* _Aim of the exercise_
Below are the records; they must be reproduced verbatim.

(Stored dataset items)
BEGIN

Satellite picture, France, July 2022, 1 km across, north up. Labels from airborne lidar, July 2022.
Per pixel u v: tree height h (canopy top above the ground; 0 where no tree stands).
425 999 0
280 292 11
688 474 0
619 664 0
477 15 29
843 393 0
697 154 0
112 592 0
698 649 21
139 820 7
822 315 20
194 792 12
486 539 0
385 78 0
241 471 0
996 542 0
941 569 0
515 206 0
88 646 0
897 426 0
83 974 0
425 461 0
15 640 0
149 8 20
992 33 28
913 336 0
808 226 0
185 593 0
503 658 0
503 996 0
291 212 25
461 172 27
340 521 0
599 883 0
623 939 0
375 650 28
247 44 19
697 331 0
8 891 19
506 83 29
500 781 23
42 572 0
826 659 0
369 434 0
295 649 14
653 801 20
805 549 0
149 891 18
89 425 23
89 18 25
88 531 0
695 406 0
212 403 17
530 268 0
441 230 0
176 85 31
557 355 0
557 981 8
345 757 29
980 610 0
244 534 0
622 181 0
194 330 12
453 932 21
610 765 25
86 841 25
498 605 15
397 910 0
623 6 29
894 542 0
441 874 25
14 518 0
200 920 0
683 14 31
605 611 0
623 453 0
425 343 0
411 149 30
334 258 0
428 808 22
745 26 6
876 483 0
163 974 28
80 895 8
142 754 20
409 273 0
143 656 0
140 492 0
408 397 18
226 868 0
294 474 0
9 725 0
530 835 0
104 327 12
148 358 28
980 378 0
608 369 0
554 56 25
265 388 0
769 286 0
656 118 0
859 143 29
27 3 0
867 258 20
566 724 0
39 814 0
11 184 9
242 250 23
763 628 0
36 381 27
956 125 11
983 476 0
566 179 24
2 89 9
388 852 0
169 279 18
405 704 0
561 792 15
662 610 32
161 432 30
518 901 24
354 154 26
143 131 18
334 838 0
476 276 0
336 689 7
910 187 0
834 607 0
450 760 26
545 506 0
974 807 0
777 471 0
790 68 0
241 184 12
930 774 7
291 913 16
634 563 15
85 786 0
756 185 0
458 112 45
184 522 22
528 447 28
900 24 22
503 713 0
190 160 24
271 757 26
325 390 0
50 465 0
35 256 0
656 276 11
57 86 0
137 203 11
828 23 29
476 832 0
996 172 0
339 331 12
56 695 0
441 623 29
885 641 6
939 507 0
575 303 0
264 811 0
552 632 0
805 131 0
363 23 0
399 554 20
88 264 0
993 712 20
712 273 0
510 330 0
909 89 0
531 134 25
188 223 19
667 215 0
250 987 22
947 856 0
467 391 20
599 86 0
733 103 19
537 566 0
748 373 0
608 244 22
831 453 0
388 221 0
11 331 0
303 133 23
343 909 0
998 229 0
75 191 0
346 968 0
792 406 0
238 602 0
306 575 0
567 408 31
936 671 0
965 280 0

END

* _Worked solution_
Satellite picture, France, July 2022, 1 km across, north up. Labels from airborne lidar, July 2022.
Per pixel u v: tree height h (canopy top above the ground; 0 where no tree stands).
425 999 0
280 292 11
688 474 0
619 664 0
477 15 29
843 393 0
697 154 0
112 592 0
698 649 21
139 820 7
822 315 20
194 792 12
486 539 0
385 78 0
241 471 0
996 542 0
941 569 0
515 206 0
88 646 0
897 426 0
83 974 0
425 461 0
15 640 0
149 8 20
992 33 28
913 336 0
808 226 0
185 593 0
503 658 0
503 996 0
291 212 25
461 172 27
340 521 0
599 883 0
623 939 0
375 650 28
247 44 19
697 331 0
8 891 19
506 83 29
500 781 23
42 572 0
826 659 0
369 434 0
295 649 14
653 801 20
805 549 0
149 891 18
89 425 23
89 18 25
88 531 0
695 406 0
212 403 17
530 268 0
441 230 0
176 85 31
557 355 0
557 981 8
345 757 29
980 610 0
244 534 0
622 181 0
194 330 12
453 932 21
610 765 25
86 841 25
498 605 15
397 910 0
623 6 29
894 542 0
441 874 25
14 518 0
200 920 0
683 14 31
605 611 0
623 453 0
425 343 0
411 149 30
334 258 0
428 808 22
745 26 6
876 483 0
163 974 28
80 895 8
142 754 20
409 273 0
143 656 0
140 492 0
408 397 18
226 868 0
294 474 0
9 725 0
530 835 0
104 327 12
148 358 28
980 378 0
608 369 0
554 56 25
265 388 0
769 286 0
656 118 0
859 143 29
27 3 0
867 258 20
566 724 0
39 814 0
11 184 9
242 250 23
763 628 0
36 381 27
956 125 11
983 476 0
566 179 24
2 89 9
388 852 0
169 279 18
405 704 0
561 792 15
662 610 32
161 432 30
518 901 24
354 154 26
143 131 18
334 838 0
476 276 0
336 689 7
910 187 0
834 607 0
450 760 26
545 506 0
974 807 0
777 471 0
790 68 0
241 184 12
930 774 7
291 913 16
634 563 15
85 786 0
756 185 0
458 112 45
184 522 22
528 447 28
900 24 22
503 713 0
190 160 24
271 757 26
325 390 0
50 465 0
35 256 0
656 276 11
57 86 0
137 203 11
828 23 29
476 832 0
996 172 0
339 331 12
56 695 0
441 623 29
885 641 6
939 507 0
575 303 0
264 811 0
552 632 0
805 131 0
363 23 0
399 554 20
88 264 0
993 712 20
712 273 0
510 330 0
909 89 0
531 134 25
188 223 19
667 215 0
250 987 22
947 856 0
467 391 20
599 86 0
733 103 19
537 566 0
748 373 0
608 244 22
831 453 0
388 221 0
11 331 0
303 133 23
343 909 0
998 229 0
75 191 0
346 968 0
792 406 0
238 602 0
306 575 0
567 408 31
936 671 0
965 280 0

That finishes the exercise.